Among the entries that follow, find the lines holding "right" and say how many there are, with no other words.

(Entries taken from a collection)
------------------------------------------------------------
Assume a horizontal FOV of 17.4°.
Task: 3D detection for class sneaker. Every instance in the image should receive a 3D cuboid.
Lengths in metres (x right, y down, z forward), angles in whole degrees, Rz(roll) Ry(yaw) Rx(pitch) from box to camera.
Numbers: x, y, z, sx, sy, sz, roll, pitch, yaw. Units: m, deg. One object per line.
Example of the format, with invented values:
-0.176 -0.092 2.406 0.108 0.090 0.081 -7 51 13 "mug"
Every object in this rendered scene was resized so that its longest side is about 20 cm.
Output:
------------------------------------------------------------
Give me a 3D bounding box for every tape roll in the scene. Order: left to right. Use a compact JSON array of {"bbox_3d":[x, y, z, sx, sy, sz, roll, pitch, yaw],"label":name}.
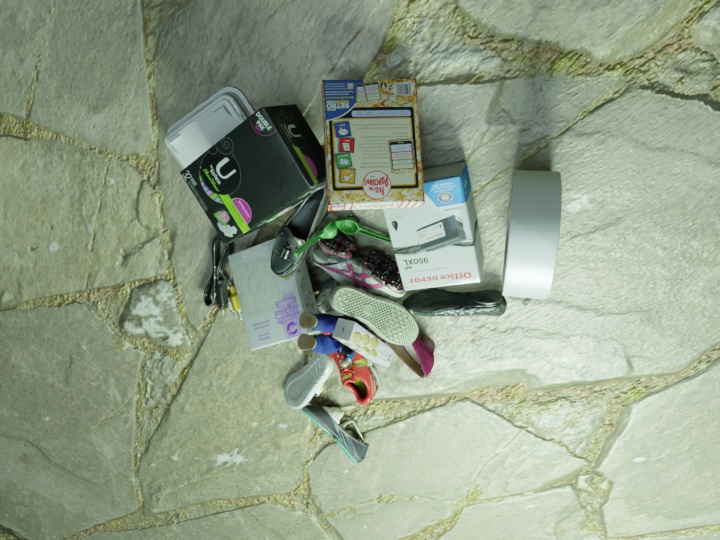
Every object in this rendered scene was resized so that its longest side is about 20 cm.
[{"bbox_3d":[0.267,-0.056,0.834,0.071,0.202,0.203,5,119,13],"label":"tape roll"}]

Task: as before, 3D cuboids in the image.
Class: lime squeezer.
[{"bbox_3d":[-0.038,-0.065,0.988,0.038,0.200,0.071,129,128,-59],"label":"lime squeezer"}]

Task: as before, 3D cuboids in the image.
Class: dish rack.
------------------------------------------------------------
_Output:_
2